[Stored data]
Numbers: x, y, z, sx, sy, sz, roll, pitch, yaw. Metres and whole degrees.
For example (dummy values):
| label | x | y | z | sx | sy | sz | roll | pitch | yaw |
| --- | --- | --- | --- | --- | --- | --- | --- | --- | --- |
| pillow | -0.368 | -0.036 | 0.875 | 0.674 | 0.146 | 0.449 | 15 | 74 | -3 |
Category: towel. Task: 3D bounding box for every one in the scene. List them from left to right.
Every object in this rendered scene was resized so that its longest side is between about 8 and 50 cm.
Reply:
...
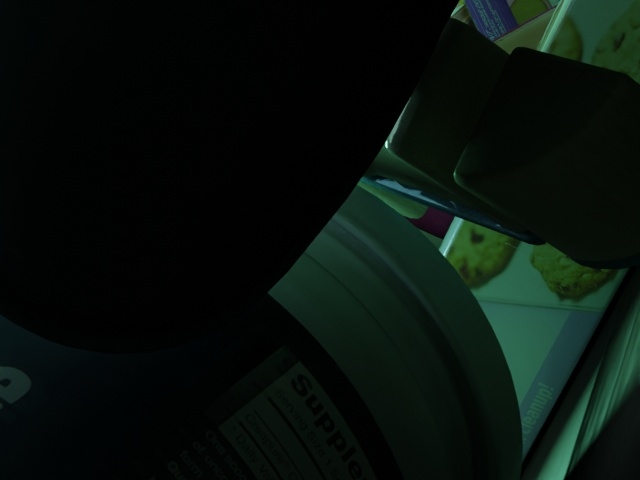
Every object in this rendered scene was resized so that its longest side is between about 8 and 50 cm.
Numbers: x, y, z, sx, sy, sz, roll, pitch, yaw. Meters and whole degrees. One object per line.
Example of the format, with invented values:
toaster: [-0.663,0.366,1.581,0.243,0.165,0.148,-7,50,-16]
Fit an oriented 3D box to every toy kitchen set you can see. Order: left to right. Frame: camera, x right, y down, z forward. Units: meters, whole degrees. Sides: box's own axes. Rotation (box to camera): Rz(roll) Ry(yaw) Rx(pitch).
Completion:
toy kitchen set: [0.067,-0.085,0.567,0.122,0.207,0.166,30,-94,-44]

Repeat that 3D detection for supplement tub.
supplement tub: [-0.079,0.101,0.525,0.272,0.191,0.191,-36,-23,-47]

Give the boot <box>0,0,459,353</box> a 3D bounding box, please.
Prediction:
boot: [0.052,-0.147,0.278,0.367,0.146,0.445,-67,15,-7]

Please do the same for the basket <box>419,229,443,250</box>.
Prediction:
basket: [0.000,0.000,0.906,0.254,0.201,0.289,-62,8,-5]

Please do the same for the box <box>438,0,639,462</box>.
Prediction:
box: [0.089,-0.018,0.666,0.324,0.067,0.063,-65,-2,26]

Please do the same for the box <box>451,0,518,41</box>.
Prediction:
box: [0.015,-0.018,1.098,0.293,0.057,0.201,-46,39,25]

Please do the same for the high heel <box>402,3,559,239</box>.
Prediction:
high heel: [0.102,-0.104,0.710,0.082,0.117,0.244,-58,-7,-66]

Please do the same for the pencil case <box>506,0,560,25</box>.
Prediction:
--
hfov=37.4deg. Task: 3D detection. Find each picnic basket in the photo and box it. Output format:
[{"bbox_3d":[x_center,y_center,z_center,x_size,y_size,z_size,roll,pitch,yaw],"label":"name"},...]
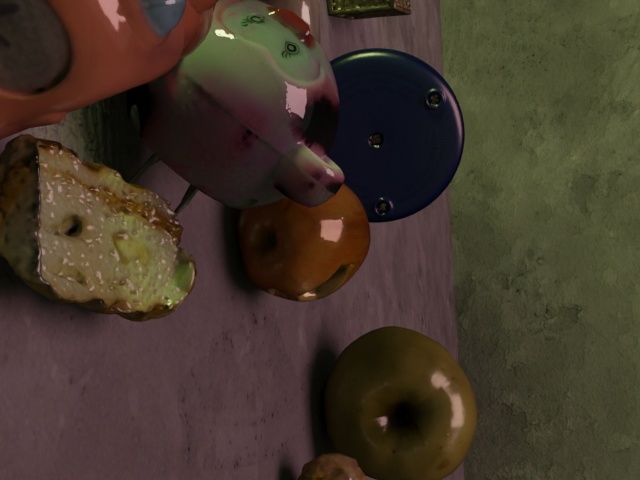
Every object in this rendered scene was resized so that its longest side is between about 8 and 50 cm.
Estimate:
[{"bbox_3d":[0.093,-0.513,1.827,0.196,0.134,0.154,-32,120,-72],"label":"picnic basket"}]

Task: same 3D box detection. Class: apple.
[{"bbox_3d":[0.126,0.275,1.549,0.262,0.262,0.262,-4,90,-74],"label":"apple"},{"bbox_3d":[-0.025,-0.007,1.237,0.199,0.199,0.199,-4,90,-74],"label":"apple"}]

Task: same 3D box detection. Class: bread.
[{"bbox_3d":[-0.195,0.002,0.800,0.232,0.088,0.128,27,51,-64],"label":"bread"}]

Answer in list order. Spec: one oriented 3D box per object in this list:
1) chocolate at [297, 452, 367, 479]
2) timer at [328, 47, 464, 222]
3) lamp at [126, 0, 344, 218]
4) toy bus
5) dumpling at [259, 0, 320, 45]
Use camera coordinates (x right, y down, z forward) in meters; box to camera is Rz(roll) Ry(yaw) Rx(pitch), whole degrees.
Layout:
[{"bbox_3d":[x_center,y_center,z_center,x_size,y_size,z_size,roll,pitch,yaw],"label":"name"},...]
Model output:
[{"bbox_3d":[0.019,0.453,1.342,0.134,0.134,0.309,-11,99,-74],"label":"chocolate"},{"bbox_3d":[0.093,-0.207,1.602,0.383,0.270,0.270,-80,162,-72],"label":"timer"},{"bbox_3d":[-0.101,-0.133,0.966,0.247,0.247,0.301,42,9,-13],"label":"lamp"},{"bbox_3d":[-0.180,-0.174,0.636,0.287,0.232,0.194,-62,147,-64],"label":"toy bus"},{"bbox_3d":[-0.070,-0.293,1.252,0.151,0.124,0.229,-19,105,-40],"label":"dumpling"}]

*WHAT YOU ARE ASKED TO DO:*
Could you return the lines in the entries above that contain "format"?

*WRITTEN SOLUTION:*
Example of the format, with invented values:
hfov=37.4deg. Task: 3D detection. Find each picnic basket in the photo and box it. Output format:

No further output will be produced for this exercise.